I believe you're using .save function in armadillo.
http://arma.sourceforge.net/docs.html#save_load_field
There are two functions you should see in
include/armadillo_bits/diskio_meat.hpp. In save_raw_ascii, it first stores data to the filename from diskio::gen_tmp_name, and if save_okay, rename by safe_rename. If safe_okay or safe_rename failed, you will see temporary file. The temporary file name is chosen as filename + .tmp_ + some hex value from file name.
//! Save a matrix as raw text (no header, human readable).

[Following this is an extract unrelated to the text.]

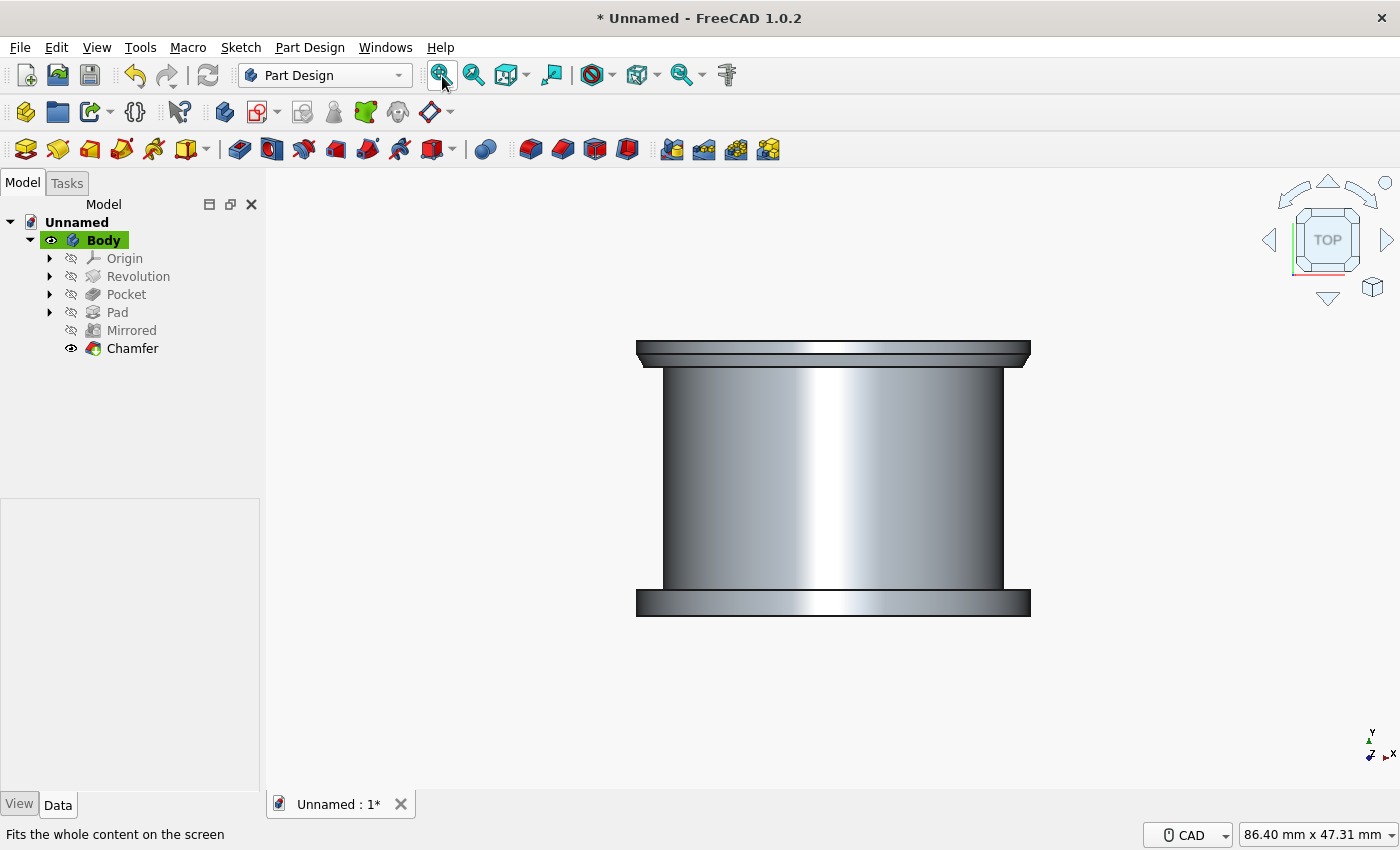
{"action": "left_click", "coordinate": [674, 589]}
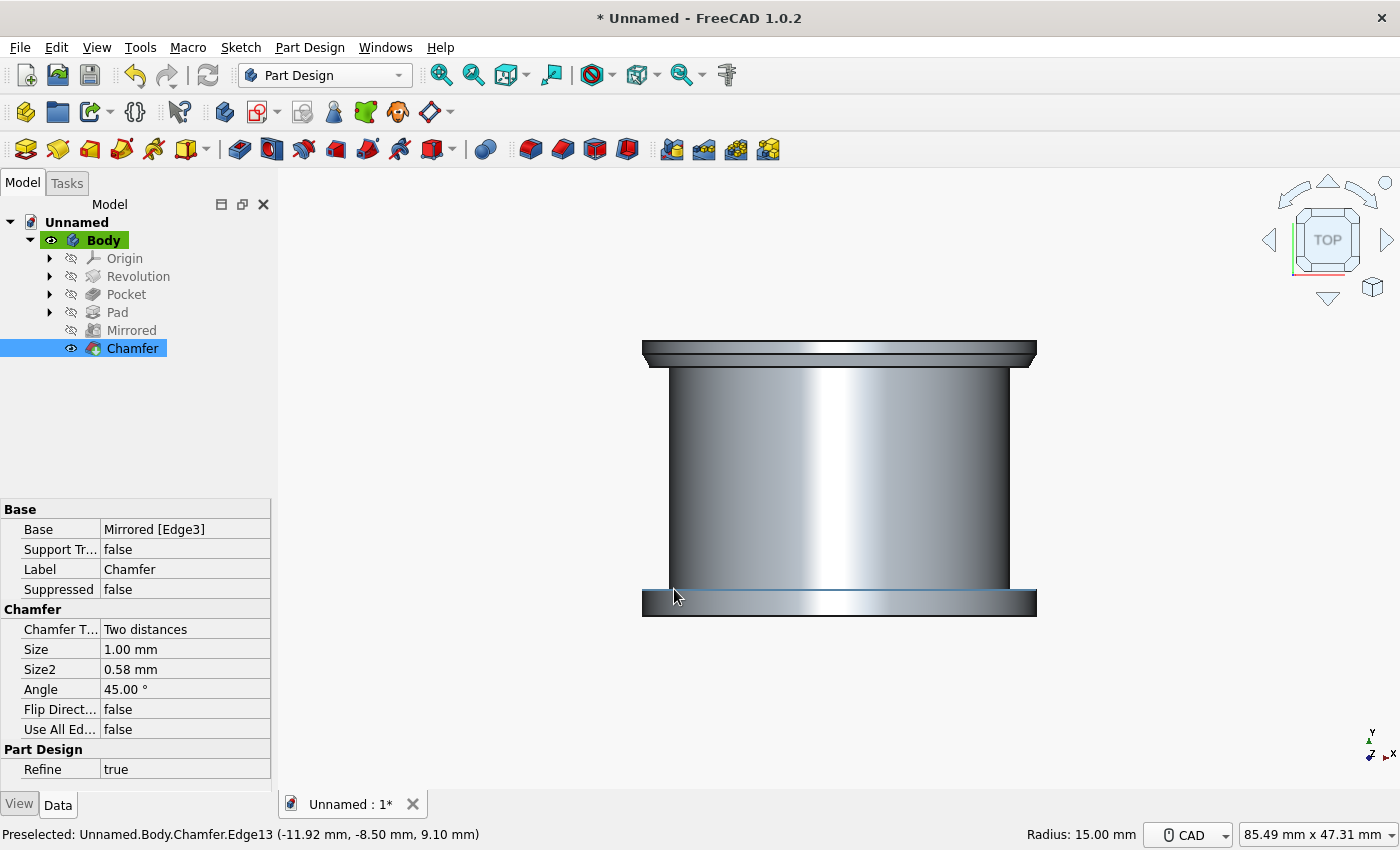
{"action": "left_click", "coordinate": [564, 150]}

//! Matrices can be loaded in Matlab and Octave, as long as they don't have complex elements.
template<typename eT>
inline
bool
diskio::save_raw_ascii(const Mat<eT>& x, const std::string& final_name)
{
arma_extra_debug_sigprint();
const std::string tmp_name = diskio::gen_tmp_name(final_name);
std::fstream f(tmp_name.c_str(), std::fstream::out);
bool save_okay = f.is_open();
if(save_okay == true)
{
save_okay = diskio::save_raw_ascii(x, f);
f.flush();
f.close();
if(save_okay == true)
{
save_okay = diskio::safe_rename(tmp_name, final_name);
}
}
return save_okay;
}
//! Append a quasi-random string to the given filename.
//! The rand() function is deliberately not used,
//! as rand() has an internal state that changes
//! from call to call. Such states should not be
//! modified in scientific applications, where the
//! results should be reproducable and not affected
//! by saving data.
inline
std::string
diskio::gen_tmp_name(const std::string& x)
{
const std::string* ptr_x = &x;
const u8* ptr_ptr_x = reinterpret_cast<const u8*>(&ptr_x);
const char* extra = ".tmp_";
const uword extra_size = 5;
const uword tmp_size = 2*sizeof(u8*) + 2*2;
char tmp[tmp_size];
uword char_count = 0;
for(uword i=0; i<sizeof(u8*); ++i)
{
conv_to_hex(&tmp[char_count], ptr_ptr_x[i]);
char_count += 2;
}
const uword x_size = static_cast<uword>(x.size());
u8 sum = 0;
for(uword i=0; i<x_size; ++i)
{
sum += u8(x[i]);
}
conv_to_hex(&tmp[char_count], sum);
char_count += 2;
conv_to_hex(&tmp[char_count], u8(x_size));
std::string out;
out.resize(x_size + extra_size + tmp_size);
for(uword i=0; i<x_size; ++i)
{
out[i] = x[i];
}
for(uword i=0; i<extra_size; ++i)
{
out[x_size + i] = extra[i];
}
for(uword i=0; i<tmp_size; ++i)
{
out[x_size + extra_size + i] = tmp[i];
}
return out;
}
What “Dark Falcon” hypothesises is exactly true: when calling save, Armadillo creates a temporary file to which it saves the data, and then renames the file to the final name.
This can be seen in the source code (this is save_raw_ascii but the other save* functions work analogously):
const std::string tmp_name = diskio::gen_tmp_name(final_name);
std::fstream f(tmp_name.c_str(), std::fstream::out);
bool save_okay = f.is_open();
if(save_okay == true)
{
save_okay = diskio::save_raw_ascii(x, f);
f.flush();
f.close();
if(save_okay == true)
{
save_okay = diskio::safe_rename(tmp_name, final_name);
}
}
The comment on safe_rename says this:
Safely rename a file.
Before renaming, test if we can write to the final file.
This should prevent:
overwriting files that are write protected,
overwriting directories.
It’s worth noting that this will however not prevent a race condition.